▶ Brief: Your task is to copy each line of the records that includes the string "drawing".

▶ Source information:
━━━━━━━━━━━━━━━━━━━━━━━━━━━━━━

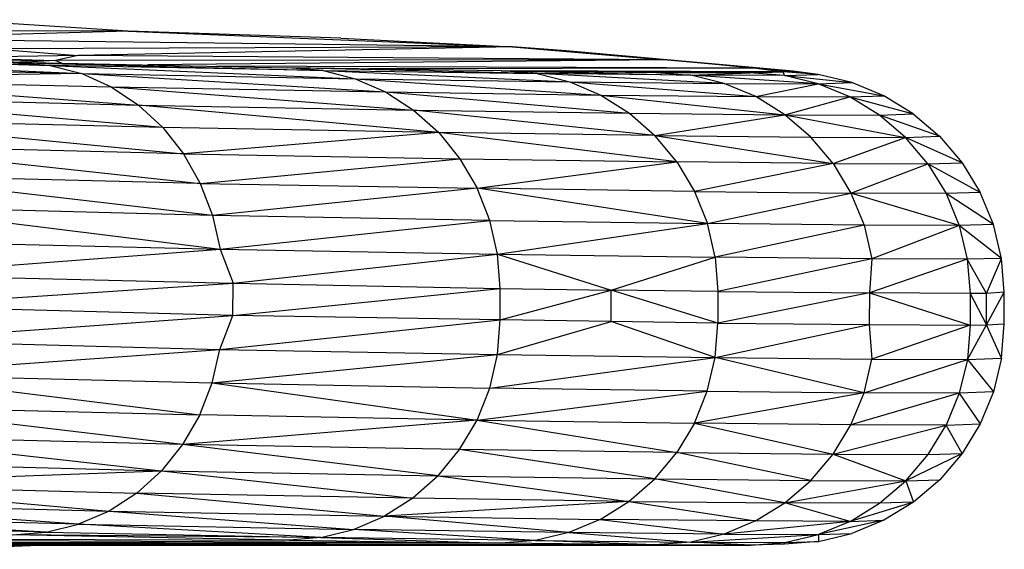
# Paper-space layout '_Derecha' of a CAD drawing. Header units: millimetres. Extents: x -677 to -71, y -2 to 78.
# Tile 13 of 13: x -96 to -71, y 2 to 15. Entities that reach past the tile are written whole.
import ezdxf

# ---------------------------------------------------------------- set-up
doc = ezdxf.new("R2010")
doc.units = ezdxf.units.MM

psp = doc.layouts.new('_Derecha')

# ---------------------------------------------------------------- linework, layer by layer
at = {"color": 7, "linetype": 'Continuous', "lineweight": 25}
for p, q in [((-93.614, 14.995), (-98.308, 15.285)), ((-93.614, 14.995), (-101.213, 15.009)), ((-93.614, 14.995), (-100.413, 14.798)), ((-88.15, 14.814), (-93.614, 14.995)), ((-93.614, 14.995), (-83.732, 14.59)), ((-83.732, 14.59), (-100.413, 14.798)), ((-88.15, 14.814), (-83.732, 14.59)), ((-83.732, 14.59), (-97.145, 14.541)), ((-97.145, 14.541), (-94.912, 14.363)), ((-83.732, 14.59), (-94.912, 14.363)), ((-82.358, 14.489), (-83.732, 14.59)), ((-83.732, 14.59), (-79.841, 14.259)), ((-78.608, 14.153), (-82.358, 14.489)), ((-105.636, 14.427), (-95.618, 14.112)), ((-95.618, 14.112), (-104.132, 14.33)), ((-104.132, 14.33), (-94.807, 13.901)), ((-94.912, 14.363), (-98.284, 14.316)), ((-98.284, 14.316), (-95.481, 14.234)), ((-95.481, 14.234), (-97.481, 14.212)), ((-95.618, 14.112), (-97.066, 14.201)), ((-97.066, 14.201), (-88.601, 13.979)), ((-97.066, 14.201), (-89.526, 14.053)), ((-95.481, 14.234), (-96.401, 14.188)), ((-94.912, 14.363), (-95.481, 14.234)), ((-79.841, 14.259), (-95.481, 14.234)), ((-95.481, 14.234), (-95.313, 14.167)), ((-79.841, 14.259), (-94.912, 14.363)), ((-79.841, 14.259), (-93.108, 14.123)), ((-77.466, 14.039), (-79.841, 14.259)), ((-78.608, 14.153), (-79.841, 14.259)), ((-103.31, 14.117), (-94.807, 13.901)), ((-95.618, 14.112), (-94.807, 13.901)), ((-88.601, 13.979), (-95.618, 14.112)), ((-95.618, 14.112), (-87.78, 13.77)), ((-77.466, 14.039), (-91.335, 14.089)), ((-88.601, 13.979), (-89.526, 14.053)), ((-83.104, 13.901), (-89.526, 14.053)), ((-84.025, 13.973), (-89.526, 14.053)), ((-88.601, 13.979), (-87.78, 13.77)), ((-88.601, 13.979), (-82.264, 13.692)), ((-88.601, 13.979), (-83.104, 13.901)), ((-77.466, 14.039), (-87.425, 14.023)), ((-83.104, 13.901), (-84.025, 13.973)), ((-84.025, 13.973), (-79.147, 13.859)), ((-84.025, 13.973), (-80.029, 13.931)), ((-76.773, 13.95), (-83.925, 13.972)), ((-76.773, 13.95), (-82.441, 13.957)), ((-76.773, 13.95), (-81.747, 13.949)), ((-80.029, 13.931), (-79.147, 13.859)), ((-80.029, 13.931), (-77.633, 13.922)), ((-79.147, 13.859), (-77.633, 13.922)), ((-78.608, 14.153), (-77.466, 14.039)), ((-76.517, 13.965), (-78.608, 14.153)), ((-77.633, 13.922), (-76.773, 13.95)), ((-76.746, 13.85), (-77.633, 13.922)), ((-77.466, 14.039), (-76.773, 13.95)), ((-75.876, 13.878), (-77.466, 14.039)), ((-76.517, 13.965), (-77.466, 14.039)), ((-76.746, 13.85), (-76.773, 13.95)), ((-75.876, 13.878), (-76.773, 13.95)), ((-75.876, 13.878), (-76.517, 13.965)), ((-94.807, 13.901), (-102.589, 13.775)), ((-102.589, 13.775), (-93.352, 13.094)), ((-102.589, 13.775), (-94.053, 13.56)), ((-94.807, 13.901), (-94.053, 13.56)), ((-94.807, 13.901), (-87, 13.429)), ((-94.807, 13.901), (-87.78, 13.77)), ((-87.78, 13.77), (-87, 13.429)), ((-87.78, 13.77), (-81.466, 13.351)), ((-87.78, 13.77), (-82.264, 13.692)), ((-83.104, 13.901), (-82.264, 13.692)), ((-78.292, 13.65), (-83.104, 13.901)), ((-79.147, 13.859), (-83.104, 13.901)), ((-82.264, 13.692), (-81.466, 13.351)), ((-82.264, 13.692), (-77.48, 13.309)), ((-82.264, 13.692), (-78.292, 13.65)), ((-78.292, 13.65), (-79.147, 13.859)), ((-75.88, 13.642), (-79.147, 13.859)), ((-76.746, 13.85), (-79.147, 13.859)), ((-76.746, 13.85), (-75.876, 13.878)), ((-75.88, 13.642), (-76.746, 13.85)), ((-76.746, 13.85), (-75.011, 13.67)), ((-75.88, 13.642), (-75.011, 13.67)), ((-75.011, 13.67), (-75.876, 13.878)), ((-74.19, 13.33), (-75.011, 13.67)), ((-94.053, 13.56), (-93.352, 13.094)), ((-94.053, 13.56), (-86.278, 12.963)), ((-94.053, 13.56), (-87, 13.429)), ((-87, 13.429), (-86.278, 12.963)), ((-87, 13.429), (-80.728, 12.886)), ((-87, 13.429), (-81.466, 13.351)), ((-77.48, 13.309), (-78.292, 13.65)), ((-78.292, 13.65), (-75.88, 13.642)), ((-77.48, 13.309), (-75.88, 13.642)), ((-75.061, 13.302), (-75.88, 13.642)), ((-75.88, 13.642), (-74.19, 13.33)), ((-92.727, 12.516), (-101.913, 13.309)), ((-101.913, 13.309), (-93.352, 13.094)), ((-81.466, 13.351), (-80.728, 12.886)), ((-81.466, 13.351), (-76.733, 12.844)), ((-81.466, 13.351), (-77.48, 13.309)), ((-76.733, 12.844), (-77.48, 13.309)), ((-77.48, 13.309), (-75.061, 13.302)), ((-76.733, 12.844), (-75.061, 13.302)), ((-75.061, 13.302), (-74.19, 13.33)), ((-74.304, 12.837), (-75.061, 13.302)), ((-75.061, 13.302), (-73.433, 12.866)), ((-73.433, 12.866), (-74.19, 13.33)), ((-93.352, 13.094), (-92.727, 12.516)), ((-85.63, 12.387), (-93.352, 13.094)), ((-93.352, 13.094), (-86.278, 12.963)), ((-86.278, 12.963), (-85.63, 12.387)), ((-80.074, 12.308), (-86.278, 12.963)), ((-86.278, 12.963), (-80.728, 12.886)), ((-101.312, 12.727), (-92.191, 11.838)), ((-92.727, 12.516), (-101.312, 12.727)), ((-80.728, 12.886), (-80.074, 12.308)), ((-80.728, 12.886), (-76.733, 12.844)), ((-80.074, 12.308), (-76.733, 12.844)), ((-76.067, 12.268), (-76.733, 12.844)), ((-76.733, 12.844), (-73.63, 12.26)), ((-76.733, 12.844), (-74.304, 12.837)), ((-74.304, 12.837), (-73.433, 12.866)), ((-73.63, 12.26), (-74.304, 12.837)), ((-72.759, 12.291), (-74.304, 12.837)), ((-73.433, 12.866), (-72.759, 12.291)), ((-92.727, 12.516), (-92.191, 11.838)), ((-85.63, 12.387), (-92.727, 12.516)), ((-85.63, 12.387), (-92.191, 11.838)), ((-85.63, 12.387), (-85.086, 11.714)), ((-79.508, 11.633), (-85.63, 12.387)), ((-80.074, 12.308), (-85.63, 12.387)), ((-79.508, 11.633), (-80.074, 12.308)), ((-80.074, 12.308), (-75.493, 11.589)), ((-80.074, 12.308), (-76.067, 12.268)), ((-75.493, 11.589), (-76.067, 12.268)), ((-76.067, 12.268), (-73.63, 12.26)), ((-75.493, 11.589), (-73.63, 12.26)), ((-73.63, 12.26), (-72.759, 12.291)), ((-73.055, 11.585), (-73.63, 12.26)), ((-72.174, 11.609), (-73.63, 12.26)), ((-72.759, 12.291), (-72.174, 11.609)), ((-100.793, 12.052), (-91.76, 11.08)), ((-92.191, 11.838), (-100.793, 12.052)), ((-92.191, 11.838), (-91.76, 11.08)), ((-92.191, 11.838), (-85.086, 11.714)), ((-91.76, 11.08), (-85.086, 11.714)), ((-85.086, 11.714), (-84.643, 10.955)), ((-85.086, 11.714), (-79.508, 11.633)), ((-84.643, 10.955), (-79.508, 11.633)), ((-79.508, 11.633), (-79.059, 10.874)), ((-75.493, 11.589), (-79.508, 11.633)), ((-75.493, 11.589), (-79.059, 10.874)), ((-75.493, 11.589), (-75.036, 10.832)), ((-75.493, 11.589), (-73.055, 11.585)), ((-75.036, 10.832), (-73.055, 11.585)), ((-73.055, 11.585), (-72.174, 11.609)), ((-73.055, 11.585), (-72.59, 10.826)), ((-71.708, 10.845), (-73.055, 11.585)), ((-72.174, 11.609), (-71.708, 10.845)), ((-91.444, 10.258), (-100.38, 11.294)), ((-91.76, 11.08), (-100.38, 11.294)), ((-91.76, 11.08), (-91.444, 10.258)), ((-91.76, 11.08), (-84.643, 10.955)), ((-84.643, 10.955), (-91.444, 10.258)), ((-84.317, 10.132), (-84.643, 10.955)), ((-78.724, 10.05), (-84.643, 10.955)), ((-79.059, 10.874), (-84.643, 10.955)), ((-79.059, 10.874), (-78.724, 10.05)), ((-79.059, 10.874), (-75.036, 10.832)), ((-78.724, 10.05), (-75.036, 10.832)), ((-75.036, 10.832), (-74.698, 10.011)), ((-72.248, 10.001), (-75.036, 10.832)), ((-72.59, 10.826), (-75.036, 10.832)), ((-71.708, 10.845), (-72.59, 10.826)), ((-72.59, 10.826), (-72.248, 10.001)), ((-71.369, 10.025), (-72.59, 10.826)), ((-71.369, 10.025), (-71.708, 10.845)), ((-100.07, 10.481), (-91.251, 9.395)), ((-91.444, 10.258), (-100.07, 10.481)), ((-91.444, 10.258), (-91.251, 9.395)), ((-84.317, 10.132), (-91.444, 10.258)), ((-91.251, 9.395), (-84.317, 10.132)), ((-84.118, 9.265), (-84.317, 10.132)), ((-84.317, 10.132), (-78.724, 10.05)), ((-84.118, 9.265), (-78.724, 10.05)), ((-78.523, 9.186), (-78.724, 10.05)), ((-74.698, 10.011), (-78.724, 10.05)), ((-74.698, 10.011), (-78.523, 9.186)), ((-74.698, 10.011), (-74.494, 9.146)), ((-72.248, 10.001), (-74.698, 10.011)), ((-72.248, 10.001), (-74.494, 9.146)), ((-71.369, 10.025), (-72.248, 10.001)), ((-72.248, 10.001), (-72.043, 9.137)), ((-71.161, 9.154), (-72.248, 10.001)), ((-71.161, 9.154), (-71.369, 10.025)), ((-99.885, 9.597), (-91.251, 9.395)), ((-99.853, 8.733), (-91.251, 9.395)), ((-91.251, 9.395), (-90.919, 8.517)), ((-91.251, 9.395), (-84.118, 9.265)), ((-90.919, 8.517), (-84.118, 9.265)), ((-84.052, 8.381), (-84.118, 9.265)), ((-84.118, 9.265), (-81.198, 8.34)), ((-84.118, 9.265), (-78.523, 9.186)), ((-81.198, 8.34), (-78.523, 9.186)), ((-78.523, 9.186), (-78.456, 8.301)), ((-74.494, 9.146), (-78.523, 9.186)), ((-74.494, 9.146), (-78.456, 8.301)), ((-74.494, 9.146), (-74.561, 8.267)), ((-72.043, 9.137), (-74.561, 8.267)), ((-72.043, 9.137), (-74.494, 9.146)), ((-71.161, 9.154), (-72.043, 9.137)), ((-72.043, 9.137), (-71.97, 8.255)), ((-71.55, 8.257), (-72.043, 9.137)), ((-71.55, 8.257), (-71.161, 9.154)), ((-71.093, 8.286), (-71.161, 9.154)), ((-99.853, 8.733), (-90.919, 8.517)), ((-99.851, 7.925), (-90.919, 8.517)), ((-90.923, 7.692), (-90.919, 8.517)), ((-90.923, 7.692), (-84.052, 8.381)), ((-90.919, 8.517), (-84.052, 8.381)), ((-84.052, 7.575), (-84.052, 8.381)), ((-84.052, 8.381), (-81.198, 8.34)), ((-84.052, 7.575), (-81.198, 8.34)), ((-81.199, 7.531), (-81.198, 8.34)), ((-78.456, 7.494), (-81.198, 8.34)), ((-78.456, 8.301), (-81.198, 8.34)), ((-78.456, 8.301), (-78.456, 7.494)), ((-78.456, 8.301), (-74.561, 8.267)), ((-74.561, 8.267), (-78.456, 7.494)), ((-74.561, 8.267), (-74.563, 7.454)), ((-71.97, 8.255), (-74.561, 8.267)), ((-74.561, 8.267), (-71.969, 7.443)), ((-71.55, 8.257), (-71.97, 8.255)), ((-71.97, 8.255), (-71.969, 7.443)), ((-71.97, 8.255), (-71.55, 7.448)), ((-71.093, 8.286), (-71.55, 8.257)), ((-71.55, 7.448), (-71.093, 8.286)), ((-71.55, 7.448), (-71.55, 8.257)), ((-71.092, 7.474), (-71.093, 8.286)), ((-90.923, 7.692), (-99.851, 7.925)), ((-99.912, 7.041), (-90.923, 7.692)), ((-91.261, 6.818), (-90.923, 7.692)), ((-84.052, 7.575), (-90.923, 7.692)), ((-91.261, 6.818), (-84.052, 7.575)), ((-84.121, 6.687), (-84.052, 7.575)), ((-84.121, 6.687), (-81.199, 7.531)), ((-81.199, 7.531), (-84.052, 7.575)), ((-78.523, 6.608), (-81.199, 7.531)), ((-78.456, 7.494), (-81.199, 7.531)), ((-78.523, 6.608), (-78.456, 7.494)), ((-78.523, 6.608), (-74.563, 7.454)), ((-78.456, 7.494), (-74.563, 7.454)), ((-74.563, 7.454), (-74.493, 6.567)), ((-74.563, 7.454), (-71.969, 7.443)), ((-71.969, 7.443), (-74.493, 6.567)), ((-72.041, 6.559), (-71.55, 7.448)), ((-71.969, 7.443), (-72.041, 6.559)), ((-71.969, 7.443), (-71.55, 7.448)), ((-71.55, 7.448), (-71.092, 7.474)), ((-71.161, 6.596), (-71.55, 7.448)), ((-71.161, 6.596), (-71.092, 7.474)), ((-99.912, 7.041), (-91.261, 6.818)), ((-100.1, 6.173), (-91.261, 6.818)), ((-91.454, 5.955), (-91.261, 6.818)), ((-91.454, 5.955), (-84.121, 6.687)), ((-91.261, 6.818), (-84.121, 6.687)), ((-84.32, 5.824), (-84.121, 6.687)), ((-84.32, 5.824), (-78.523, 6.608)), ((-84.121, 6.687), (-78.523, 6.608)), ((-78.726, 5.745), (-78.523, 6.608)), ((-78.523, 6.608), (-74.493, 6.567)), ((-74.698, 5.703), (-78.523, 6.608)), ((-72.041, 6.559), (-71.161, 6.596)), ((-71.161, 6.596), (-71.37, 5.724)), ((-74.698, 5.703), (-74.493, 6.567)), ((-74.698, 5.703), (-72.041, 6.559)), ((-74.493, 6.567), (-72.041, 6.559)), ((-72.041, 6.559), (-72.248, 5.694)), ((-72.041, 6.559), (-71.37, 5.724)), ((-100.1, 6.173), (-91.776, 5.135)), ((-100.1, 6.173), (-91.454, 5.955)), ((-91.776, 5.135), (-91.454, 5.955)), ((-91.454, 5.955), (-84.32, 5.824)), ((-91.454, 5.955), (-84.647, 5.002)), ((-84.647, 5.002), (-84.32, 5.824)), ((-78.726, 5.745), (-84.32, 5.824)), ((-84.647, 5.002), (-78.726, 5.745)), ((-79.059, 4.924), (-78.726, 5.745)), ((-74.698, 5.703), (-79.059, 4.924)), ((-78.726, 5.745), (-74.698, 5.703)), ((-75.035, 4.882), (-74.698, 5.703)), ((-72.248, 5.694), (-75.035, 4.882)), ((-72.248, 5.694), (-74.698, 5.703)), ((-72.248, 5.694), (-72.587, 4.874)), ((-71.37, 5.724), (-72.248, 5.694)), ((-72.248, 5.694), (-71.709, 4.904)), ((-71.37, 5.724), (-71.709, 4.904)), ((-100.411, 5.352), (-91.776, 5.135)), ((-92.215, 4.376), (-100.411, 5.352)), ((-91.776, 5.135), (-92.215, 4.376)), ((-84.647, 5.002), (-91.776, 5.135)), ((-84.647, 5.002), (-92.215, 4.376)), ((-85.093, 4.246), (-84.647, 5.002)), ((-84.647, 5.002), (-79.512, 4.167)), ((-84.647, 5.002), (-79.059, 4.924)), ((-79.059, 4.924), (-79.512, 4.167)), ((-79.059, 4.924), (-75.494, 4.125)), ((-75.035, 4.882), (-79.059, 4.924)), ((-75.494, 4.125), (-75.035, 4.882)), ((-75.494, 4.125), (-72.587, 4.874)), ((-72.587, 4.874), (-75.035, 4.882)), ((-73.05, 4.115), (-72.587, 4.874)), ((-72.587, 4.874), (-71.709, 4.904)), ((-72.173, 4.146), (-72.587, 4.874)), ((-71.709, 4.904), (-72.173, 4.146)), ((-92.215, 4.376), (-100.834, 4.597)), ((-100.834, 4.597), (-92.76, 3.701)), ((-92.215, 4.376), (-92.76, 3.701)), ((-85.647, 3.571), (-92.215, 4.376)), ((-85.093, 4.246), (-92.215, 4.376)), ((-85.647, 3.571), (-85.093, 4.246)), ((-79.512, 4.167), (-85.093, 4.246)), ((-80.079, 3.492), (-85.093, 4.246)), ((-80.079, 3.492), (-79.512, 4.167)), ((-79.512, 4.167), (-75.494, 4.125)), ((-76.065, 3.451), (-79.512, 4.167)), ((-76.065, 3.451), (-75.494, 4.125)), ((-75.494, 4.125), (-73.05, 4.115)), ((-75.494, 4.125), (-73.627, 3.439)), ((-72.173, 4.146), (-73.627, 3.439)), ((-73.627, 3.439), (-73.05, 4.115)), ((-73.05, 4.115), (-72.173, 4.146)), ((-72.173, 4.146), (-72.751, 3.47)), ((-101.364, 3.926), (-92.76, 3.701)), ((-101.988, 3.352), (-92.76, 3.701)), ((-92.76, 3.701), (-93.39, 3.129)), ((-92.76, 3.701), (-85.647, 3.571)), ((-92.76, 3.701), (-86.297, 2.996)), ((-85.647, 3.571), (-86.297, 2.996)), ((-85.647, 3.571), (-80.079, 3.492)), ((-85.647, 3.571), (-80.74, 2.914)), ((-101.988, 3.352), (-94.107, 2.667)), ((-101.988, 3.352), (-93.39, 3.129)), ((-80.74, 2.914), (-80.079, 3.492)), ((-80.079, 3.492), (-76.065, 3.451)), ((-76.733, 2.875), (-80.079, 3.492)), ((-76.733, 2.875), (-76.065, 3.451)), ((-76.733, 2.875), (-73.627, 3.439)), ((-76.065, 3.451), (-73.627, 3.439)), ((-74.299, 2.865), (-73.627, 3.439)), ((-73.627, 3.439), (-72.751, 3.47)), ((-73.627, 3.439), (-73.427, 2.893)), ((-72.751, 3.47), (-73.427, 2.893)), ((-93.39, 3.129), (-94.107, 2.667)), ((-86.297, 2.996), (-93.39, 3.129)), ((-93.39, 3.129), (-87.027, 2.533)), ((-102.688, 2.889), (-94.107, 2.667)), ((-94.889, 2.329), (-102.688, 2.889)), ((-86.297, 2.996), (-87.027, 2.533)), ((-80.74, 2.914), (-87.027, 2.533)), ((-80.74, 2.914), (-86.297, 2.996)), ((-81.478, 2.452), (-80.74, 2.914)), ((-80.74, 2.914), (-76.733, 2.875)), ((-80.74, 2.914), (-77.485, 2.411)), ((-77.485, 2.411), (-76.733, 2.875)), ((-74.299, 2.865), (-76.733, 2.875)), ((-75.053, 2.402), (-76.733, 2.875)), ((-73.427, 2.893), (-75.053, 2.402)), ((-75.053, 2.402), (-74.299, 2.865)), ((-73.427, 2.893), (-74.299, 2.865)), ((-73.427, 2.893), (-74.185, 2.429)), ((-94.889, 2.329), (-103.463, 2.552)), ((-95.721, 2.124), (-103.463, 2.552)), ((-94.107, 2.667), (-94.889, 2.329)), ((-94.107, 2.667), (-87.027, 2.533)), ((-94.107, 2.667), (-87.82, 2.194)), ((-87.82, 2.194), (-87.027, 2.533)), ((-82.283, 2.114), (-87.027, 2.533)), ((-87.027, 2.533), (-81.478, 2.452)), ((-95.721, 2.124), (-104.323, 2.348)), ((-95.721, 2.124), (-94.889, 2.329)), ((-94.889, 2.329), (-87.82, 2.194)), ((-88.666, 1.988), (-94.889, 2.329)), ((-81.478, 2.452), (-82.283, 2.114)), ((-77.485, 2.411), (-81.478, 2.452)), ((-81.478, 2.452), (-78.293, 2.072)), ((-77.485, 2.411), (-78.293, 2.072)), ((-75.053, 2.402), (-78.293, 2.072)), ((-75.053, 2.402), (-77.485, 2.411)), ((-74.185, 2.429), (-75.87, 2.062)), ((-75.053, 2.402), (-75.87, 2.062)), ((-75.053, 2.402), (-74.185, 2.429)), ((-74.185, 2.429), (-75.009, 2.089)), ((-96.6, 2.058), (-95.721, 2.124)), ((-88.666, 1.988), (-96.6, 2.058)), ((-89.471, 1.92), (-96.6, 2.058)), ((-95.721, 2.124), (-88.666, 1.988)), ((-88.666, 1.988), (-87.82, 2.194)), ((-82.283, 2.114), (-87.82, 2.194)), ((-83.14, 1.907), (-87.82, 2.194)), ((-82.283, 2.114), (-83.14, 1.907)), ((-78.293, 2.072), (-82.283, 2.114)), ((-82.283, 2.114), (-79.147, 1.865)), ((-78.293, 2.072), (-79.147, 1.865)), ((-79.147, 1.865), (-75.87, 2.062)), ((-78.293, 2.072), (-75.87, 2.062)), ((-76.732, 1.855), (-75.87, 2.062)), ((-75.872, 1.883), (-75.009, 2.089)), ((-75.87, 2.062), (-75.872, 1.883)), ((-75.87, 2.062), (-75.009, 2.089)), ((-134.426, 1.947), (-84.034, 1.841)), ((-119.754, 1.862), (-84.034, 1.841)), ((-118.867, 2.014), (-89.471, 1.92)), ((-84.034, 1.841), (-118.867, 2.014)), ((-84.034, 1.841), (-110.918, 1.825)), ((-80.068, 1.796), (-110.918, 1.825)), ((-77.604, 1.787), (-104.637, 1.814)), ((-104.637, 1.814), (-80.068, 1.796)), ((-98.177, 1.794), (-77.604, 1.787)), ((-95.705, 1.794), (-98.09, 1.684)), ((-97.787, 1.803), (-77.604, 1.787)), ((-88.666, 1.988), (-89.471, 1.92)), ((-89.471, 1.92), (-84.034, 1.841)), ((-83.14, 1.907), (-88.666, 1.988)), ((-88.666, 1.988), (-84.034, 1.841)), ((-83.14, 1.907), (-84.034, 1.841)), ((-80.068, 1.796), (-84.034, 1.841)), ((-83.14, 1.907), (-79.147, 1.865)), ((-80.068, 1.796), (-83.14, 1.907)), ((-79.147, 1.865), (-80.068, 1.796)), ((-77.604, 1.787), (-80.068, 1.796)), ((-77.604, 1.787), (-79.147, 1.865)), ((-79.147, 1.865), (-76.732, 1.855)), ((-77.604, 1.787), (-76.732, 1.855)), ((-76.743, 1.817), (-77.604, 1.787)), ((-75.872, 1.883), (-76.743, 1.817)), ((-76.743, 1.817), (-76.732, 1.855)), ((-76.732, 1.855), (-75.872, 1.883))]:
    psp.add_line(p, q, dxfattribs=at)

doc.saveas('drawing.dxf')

━━━━━━━━━━━━━━━━━━━━━━━━━━━━━━

▶ Solution to the problem:
# Paper-space layout '_Derecha' of a CAD drawing. Header units: millimetres. Extents: x -677 to -71, y -2 to 78.
doc.saveas('drawing.dxf')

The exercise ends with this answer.